3D object pose recognition framework for robot task based on RGB image

in the 14th Korea Robotics Society Annual Conference (KRoC 2019)


To bring collaborative robots into our everyday lives, the development of low-cost vision system is essential. In this work, we propose a vision framework that recognizes 6D pose of objects, i.e., position and orientation, from RGB images. The system is consisted of three main components: ROI Extraction, Keypoint Regression, and 6D Pose Estimation.


A. RGB-based Object Recognition

As shown in the figure below, we identified the locations of objects, regressed some keypoints, and applied PnP algorithm to find out 6D position of objects. To extract the region of interests, we used Mask R-CNN [1] to segment objects from RGB images.
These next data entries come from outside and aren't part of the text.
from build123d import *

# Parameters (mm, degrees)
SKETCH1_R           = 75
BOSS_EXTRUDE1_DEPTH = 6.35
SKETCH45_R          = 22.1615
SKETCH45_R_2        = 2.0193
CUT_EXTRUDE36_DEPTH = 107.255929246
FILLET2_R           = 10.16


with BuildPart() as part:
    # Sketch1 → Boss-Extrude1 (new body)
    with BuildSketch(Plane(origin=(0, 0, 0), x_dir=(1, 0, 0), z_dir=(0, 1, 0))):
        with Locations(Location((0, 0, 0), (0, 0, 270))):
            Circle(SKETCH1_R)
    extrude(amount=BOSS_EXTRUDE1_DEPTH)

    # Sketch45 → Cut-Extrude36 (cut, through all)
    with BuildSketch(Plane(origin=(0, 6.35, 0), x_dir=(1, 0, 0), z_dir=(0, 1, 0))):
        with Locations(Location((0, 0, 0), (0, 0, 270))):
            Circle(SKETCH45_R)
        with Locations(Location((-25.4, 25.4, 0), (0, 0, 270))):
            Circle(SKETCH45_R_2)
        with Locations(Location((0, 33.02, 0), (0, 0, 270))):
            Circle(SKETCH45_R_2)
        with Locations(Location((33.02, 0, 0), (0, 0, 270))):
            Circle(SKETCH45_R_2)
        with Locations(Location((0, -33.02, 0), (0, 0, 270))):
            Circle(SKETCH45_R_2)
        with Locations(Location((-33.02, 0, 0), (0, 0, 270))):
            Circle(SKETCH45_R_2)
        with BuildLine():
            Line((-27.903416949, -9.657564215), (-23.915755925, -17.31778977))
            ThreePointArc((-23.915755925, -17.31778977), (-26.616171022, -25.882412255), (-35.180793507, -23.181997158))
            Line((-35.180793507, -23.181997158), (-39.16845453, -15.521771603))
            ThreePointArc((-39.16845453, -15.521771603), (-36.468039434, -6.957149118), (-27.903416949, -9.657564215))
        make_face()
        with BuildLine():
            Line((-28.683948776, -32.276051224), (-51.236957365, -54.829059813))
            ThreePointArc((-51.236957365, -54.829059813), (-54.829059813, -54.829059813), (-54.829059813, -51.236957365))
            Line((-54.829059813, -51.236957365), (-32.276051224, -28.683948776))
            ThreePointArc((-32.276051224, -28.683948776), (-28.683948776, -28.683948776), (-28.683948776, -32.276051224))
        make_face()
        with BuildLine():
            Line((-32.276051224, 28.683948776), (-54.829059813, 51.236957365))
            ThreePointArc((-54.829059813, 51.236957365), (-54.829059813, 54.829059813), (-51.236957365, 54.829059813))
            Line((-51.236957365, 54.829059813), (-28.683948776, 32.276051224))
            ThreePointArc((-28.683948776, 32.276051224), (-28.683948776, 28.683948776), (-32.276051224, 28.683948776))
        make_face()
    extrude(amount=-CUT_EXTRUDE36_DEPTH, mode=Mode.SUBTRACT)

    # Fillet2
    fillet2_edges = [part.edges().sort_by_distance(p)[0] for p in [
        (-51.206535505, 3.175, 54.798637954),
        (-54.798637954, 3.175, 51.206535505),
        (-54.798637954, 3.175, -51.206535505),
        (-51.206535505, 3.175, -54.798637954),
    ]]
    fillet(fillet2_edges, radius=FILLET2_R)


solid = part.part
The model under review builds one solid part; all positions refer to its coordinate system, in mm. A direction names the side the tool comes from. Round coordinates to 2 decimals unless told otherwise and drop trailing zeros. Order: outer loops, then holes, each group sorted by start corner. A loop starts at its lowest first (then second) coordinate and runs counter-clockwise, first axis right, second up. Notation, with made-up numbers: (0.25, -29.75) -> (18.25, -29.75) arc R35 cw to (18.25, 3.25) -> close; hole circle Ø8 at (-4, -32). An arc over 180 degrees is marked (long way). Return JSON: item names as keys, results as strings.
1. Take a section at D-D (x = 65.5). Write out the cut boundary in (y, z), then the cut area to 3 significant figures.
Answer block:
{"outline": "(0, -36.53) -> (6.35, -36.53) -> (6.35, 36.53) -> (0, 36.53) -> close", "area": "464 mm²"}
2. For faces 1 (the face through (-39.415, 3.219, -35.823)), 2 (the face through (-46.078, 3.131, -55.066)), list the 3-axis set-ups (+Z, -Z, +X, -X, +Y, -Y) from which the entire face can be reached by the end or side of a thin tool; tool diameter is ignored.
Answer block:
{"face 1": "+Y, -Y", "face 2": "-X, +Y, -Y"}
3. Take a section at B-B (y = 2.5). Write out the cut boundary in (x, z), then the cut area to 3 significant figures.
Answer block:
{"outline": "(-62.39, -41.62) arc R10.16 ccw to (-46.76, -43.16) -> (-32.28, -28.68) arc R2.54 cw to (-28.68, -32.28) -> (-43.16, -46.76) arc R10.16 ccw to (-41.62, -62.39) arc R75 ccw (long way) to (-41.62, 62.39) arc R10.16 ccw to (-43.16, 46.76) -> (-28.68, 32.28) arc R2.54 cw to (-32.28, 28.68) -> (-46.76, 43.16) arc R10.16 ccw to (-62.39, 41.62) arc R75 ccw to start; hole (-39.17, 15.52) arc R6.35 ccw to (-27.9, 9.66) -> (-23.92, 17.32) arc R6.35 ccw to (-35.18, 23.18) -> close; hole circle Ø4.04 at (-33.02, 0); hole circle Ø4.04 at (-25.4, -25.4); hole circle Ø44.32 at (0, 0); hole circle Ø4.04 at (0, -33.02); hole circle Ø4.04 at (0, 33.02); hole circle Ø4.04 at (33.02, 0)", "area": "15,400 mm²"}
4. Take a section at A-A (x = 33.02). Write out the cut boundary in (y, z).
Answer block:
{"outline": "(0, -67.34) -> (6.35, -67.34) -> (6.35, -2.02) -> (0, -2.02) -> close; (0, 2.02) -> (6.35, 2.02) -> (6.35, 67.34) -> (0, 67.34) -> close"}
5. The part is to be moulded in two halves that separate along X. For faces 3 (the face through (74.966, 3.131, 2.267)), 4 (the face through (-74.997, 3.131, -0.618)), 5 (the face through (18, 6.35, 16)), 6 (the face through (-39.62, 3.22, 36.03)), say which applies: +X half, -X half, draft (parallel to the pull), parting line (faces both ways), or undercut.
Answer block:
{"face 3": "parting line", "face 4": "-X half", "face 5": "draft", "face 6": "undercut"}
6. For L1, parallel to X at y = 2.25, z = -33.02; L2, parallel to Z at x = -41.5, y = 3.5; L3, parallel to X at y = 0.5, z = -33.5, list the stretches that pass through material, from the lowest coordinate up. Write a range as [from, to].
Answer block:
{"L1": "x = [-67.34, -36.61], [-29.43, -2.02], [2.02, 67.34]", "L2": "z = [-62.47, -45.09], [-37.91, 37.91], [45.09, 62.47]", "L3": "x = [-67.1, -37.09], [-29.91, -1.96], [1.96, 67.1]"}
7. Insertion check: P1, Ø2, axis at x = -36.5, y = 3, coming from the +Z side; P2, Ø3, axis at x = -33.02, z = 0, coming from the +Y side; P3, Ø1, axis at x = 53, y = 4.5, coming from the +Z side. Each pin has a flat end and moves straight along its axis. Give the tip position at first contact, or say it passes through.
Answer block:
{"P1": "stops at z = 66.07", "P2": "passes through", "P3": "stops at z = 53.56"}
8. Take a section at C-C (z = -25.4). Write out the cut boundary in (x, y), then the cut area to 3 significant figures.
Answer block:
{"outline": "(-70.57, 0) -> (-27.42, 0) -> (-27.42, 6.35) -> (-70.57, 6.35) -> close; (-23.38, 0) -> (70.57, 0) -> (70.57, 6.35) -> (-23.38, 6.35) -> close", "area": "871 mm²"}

From the segmentation results, we estimated 6D pose of the target based on keypoints [2]. Here, the target can be selected by the user using the graphical user interface (GUI) of the system. First, we masked the target object to regress eight keypoints using Stacked Hourglass Network (SHN) [3]. Then, we computed 6D pose of the target by applying PnP algorithm to those keypoints. With the estimated 6D pose of the target object, we overlay its 3D model for qualitative evaluation of the algorithm.

An overview of 3D object pose recognition framework based on RGB image.

B. Automatic Data Acquisition System

For training of Mask R-CNN metioned in Section A, we developed our own data acquisition system to automatically collect large amount of data. We used a 6-DOF manipulator, i.e., IndyRP from Neuromeka, and attached a stereo camera on the end-effector for the data acquisition system. We predefined some positions to be uniformly distributed over the hemi-sphere around the object, and changed the light settings for the robust vision algorithm. With the known position of the object and the camera, we labeled the data using 3D model data and the pinhole camera model. As a result, we collected 22,176 images to train Mask R-CNN.


The accuracy of 6D pose estimation

The accuracy of our vision system is shown in the table above. Within the error margin of 5cm 5 degrees, we achieved over 60% accuracy in three objects. For pick-and-place tasks, we applied the error margin of 3cm 10 degrees and the system has shown over 90% accuarcy in three objects. Within this margin, the robot is capable of picking up the object and placing it on the marker successfully, as shown in the figure below. The reason why hand cream has shown considerably low accuracy is that it is symmetric, and we would need to find the solution to deal with objects that are symmetric or have little features.

IndyRP performing the pick-and-place tasks. It detects 6D pose of the target, picks it up using the end-effector, and places it on the marker.


[1] HE, Kaiming, et al. Mask r-cnn. In: Computer Vision (ICCV), 2017 IEEE International Conference on. IEEE, 2017. p. 2980-2988.

[2] PAVLAKOS, Georgios, et al. 6-dof object pose from semantic keypoints. In: Robotics and Automation (ICRA), 2017 IEEE International Conference on. IEEE, 2017. p. 2011-2018.

[3] NEWELL, Alejandro; YANG, Kaiyu; DENG, Jia. Stacked hourglass networks for human pose estimation. In: European Conference on Computer Vision. Springer, Cham, 2016. p. 483-499.